▸ **Task goal**
Work through the records that follow and return each line containing the word "object".

Excerpted data: Begin

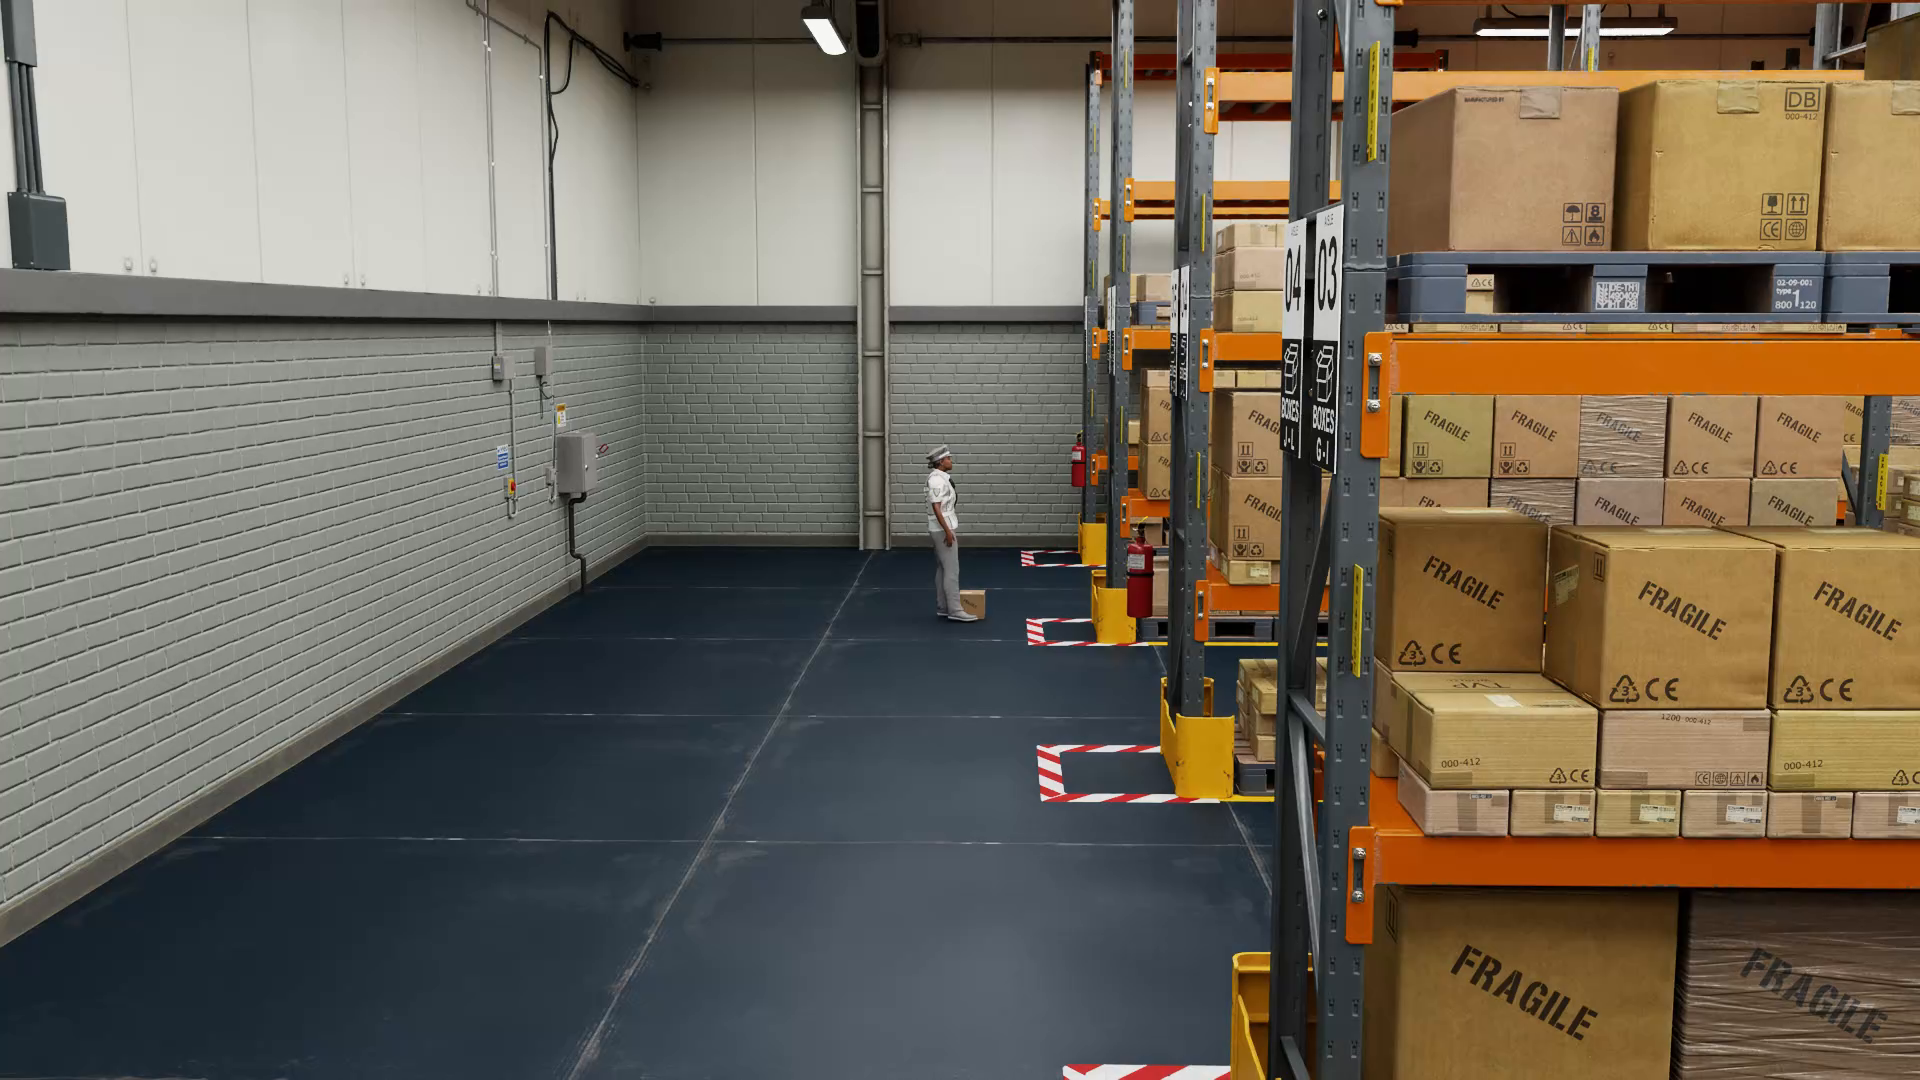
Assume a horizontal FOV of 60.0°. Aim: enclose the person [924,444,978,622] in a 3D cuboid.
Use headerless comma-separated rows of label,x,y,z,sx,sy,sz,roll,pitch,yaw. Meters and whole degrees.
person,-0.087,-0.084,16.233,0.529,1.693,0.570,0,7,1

Excerpted data: End
Excerpted data: Begin

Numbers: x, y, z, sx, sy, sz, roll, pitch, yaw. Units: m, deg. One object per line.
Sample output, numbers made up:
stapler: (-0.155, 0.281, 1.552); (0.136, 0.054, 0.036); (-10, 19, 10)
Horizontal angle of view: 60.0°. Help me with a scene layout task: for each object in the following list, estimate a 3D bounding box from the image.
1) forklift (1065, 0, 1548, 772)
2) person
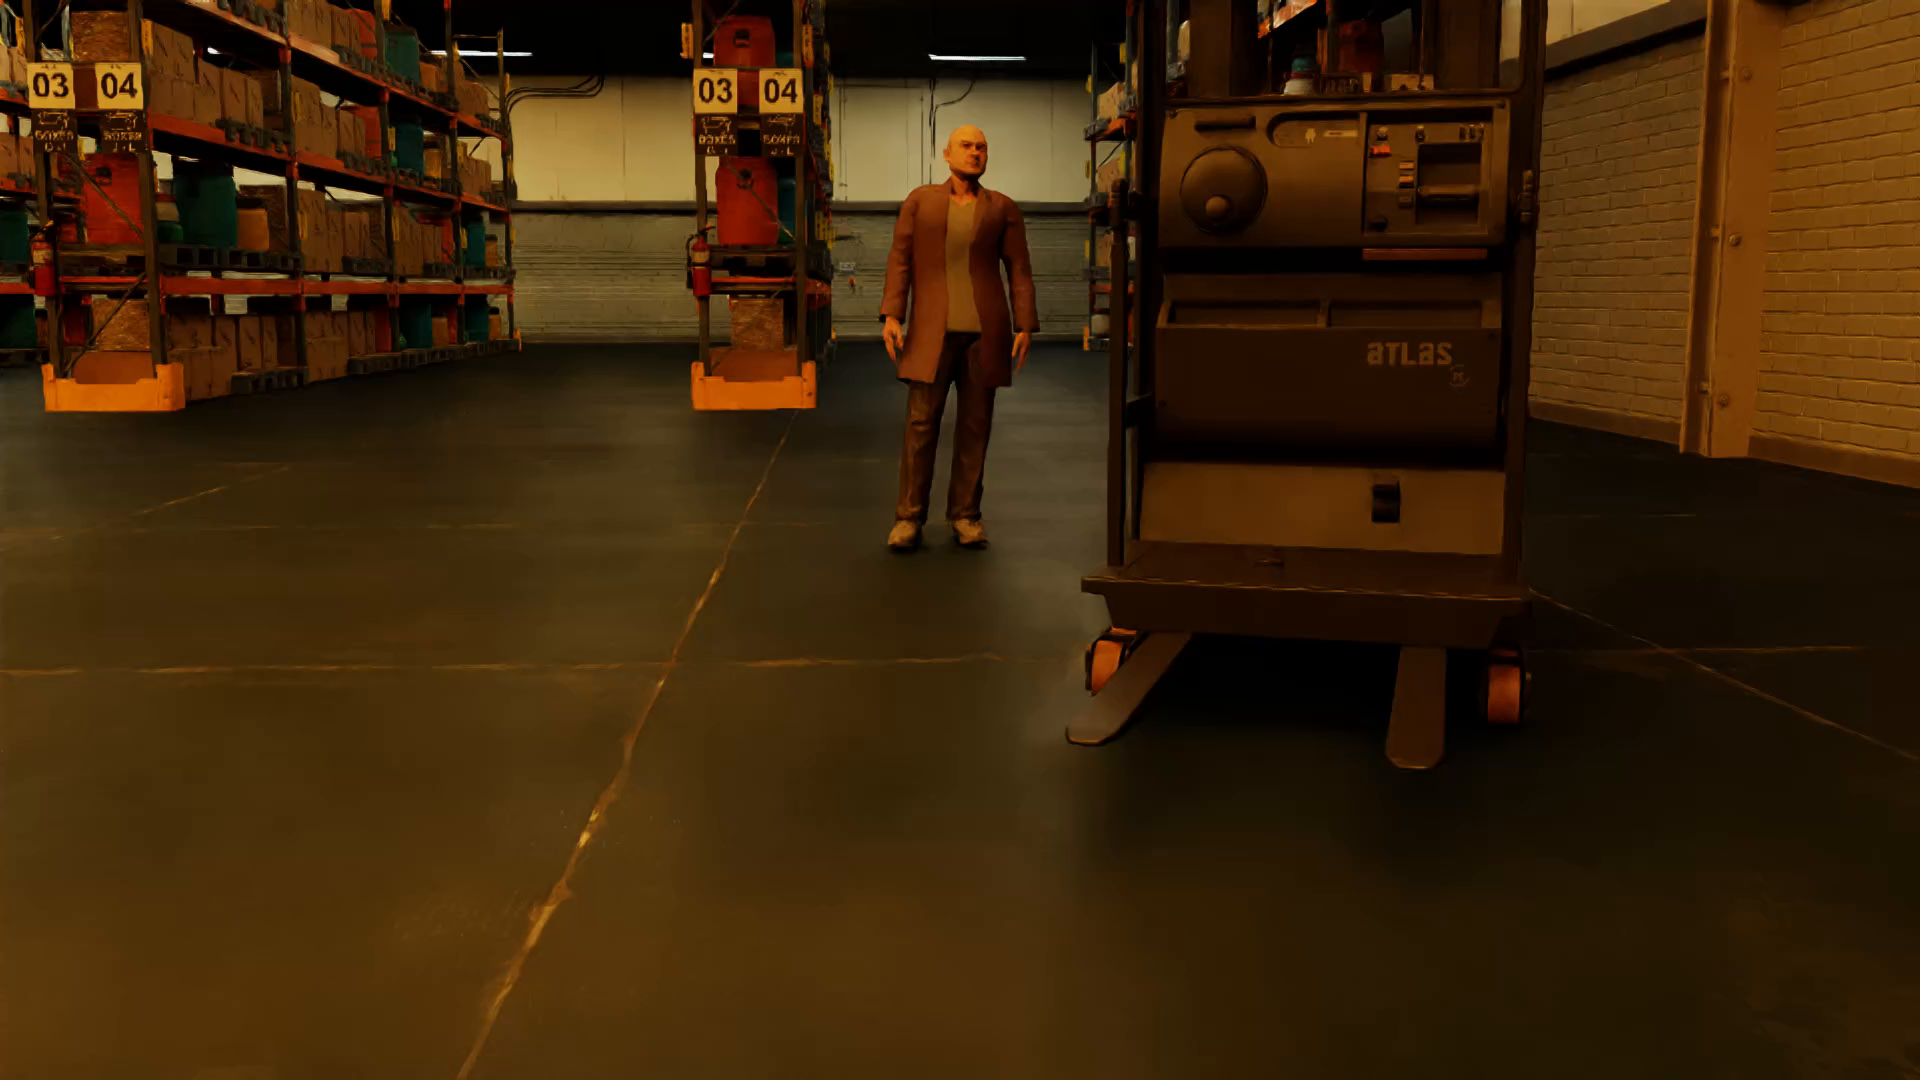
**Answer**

Excerpted data: End

▸ **Solution to the exercise**
Numbers: x, y, z, sx, sy, sz, roll, pitch, yaw. Units: m, deg. One object per line.
Horizontal angle of view: 60.0°. Help me with a scene layout task: for each object in the following list, estimate a 3D bounding box from the image.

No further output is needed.